I recently lost my ex to murder and he was still a good friend. A really helpful thing was to write out how we met and 'our story'. I can't bring myself to write him a letter yet, but that will be next in my healing process. 

Comment by Steinberg on January 10, 2018 at 1:59pm

What kind of counseling do you offer? I tired quite a few therapist - all of whom were disasters with one suggesting that I was a vicitm of "voodoo" - I almost lost my mind. But now, I think I have finally found someone and it is the first time I can speak with anyone about it although till now have said very little. 

Comment by Steinberg on January 2, 2018 at 3:33pm

About 2 years before this happened I read a book by Pim van Lommel on Near Death Experiences. I highly recommend it and find it still helpful till this day. I think the suggestion of things that can help us as proposed by Sara is good.  

Comment by Sara Jane on January 2, 2018 at 6:19am

Really hard time and i have been living  with the death of my mother for two years.  we believe she was murdered and have had to find ways of living with this also knowing the people who murdered her.  I can only share my approach to healing with this.  What i found hard was not being able to talk about it to anyone as feeling nobody believes you and the police not doing enough or support.  Infact they lead us to believe they were supporting us so was even worse during the inquest.   so more importantly how do we live with this and these times. Again its hard to say this as i don't want to offend anyone but spiritually you need to get in touch with the person you lost.  I was told by focussing on the murderers which i have to say i did and wanted justice i was giving all my energy to them and their darkness.  I so want justice but by giving them my attention sort of kept them in a bubble.  DONT WORRY they will have to live with what they have done.  BUT by contacting your lost one you can make the connection again and build on that ( more importantly ) you are not connecting with the people who have done this to them and you.  VERY IMPORTANT is to let change where you direct your energy. i want to add i am the sort of person that has to feel it see it chew it to believe it  so this was a massive jump in to faith for me to do this.  BUT when i decided to try and contact my mother i had an enormous whoosh of energy the heaviness that i had been carrying about the murderers just popped.  I realised by me focussing on them i was actually feeding them .

ok im going to stop talking now.  I just hope this is ok to write this and i am not offending anyone.  ITs so hard and heavy and dark i KNOW !!! this has been my personal survival to get through this.  all the best for now 

Comment by Steinberg on January 2, 2018 at 3:05am

I feel the same way. I joined months ago but cannot speak. I also go through life not being able to talk about the violent death of my husband. I was never able to say good bye and never got to even see his body. It is not possible to talk with others about because the reponses are destined to be inappropriate and I am left feeling even worse. 

Comment by Bern on January 1, 2018 at 9:53pm

I joined but don't have the strength to talk. I am a member of Loss Son and Daughters group.
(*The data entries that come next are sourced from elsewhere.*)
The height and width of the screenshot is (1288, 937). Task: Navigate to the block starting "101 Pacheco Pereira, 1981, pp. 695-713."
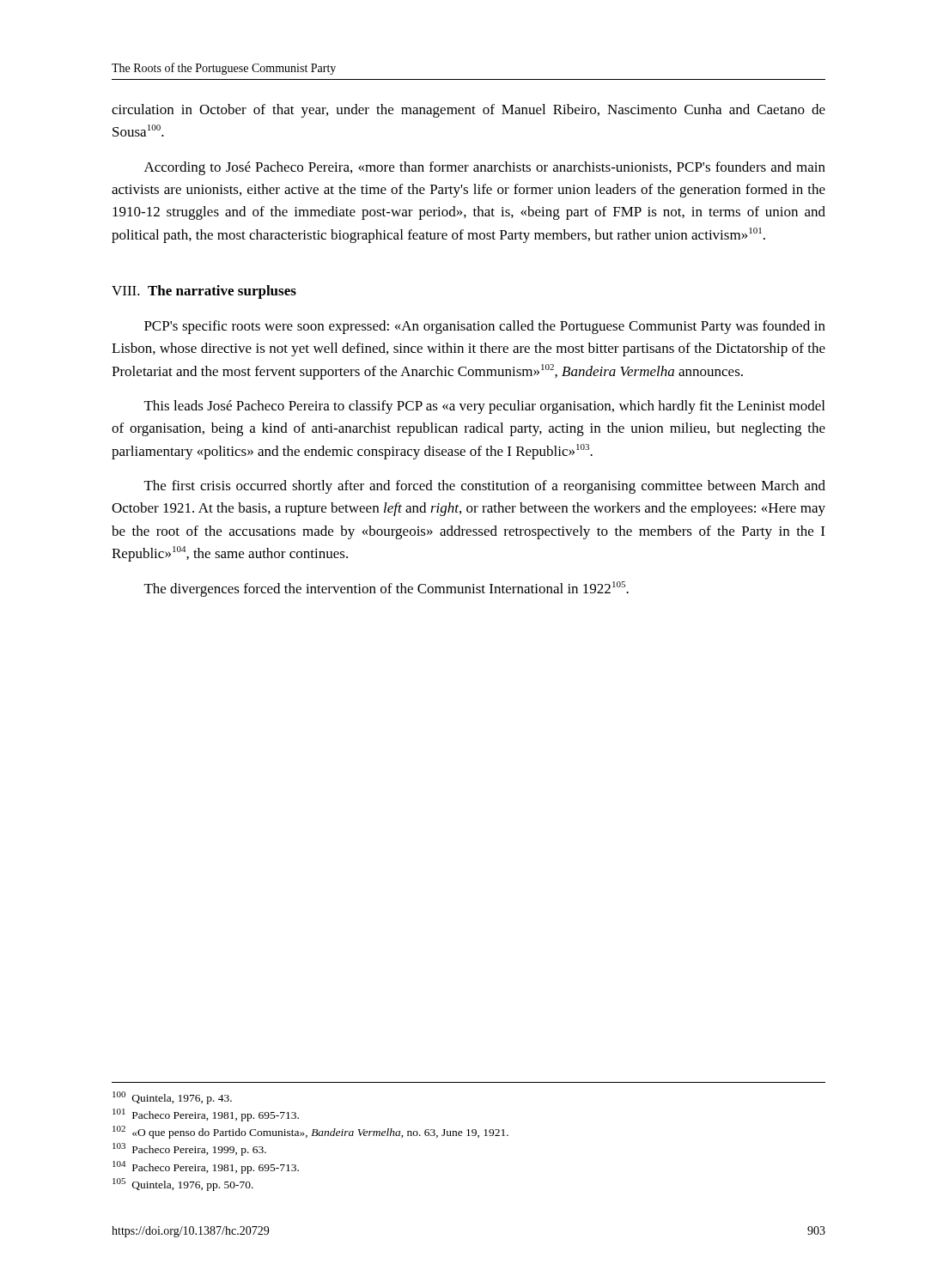click(x=206, y=1114)
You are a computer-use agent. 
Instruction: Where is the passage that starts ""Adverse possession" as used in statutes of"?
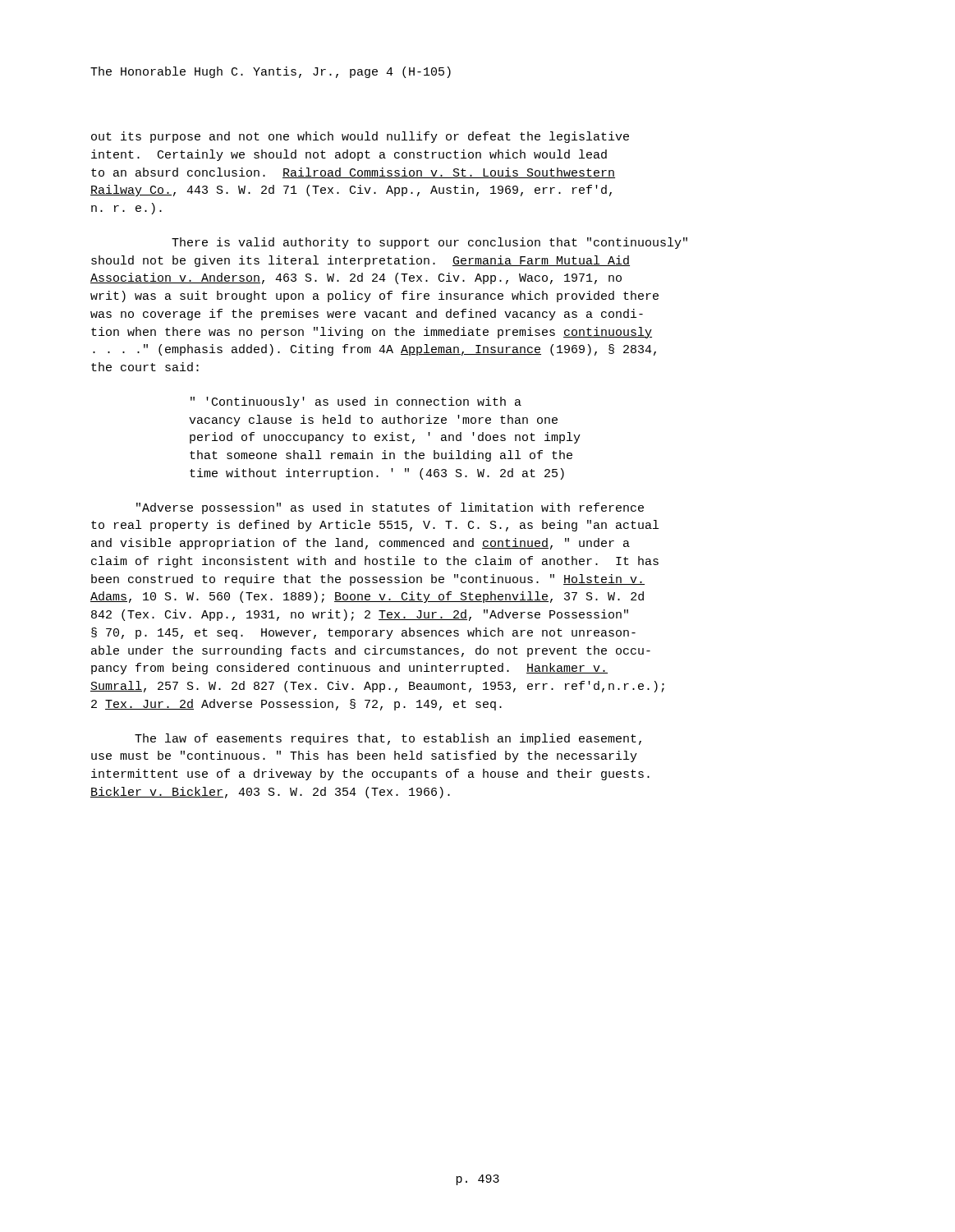[379, 607]
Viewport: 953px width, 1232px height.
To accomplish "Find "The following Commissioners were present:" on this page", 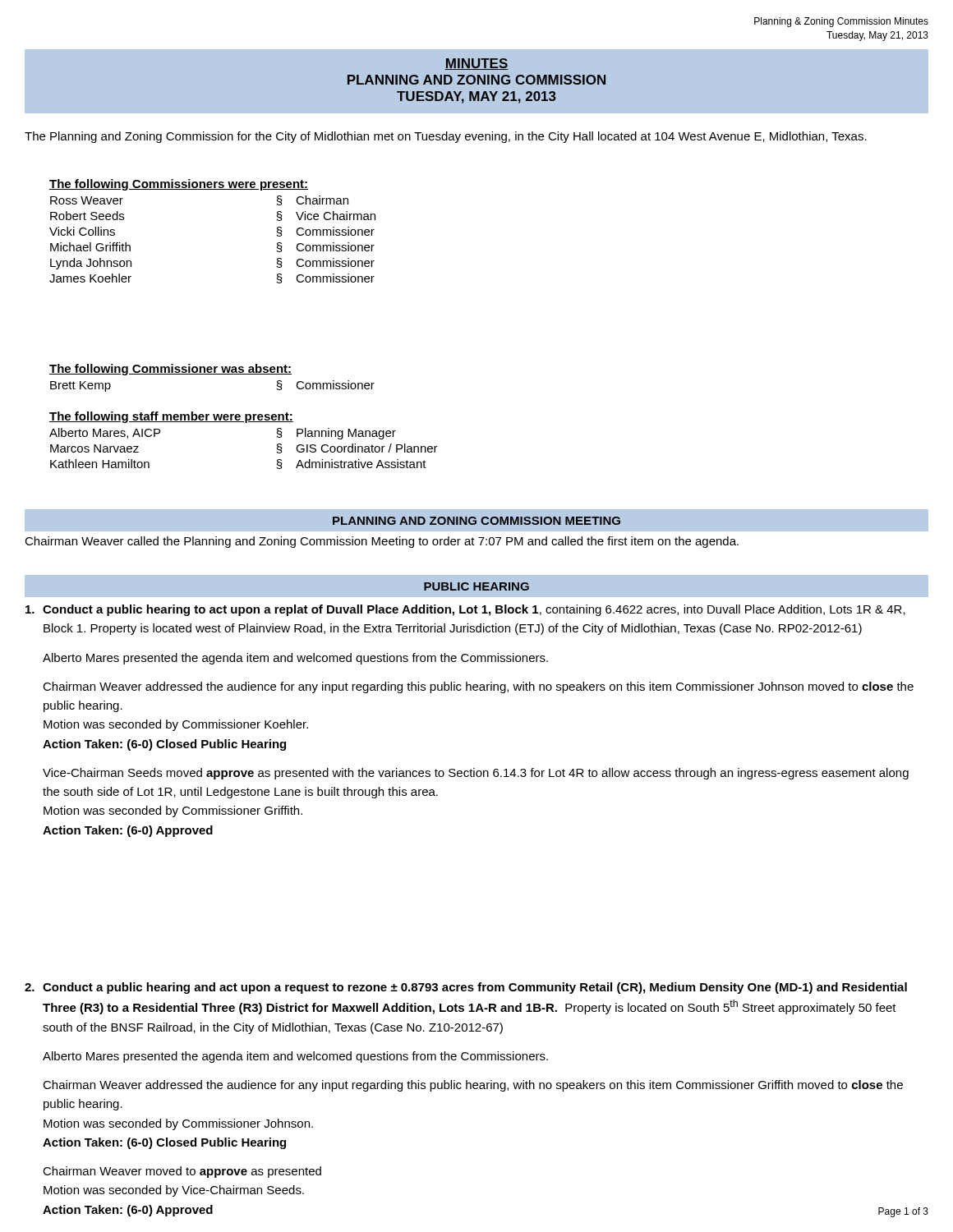I will click(179, 184).
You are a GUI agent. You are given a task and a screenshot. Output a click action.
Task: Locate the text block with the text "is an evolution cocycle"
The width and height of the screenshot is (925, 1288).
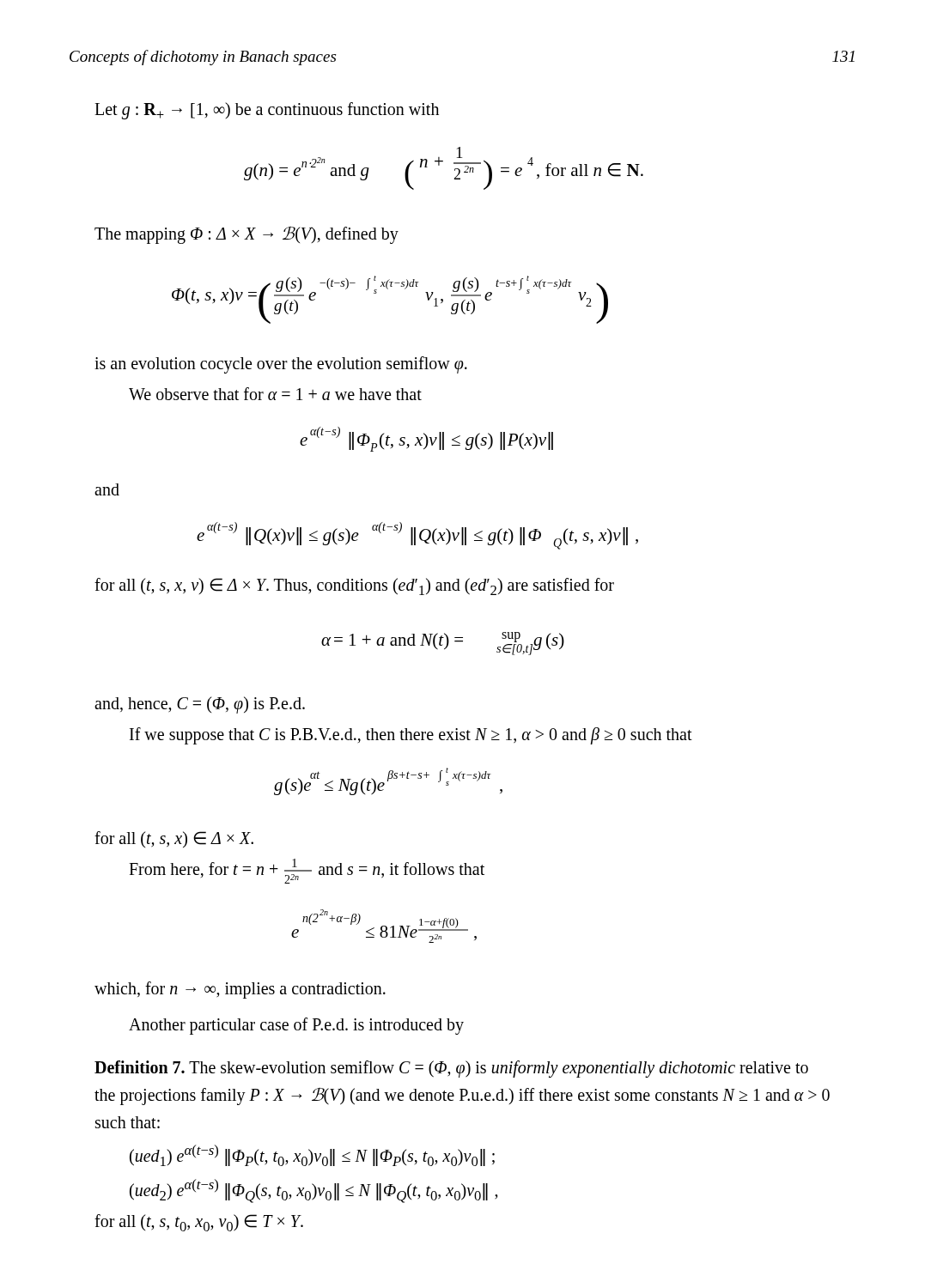[x=281, y=363]
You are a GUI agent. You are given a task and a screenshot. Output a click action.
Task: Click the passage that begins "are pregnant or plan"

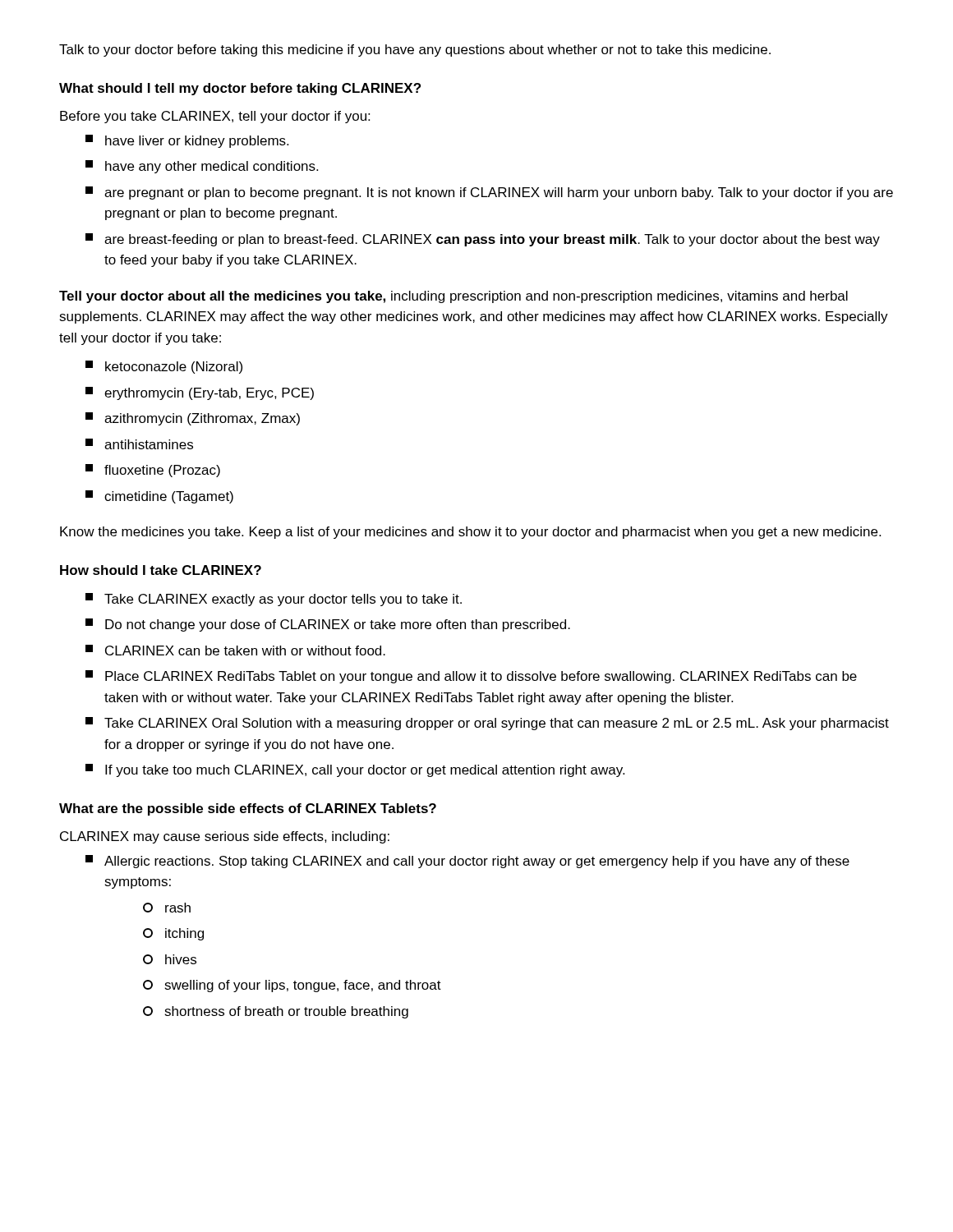click(x=490, y=203)

Comment by Kate on August 1, 2016 at 3:42am

I haven't been back here for some time and just noticed that there are new members. Welcome and thank you for joining. 

When I lost my mother many years ago, it was devastating. A lone gunman, who was mentally unstable decided to shoot my mother for reasons that only he knows. She and I were best friends. I loved her so much and her violent death left me in pieces. I go through life not wanting to share what happened because the different reactions I get are so distasteful to me for various reasons. 

If I could give my life for hers and switch places, if only to say goodbye for a few seconds, I'd do it in a heartbeat. 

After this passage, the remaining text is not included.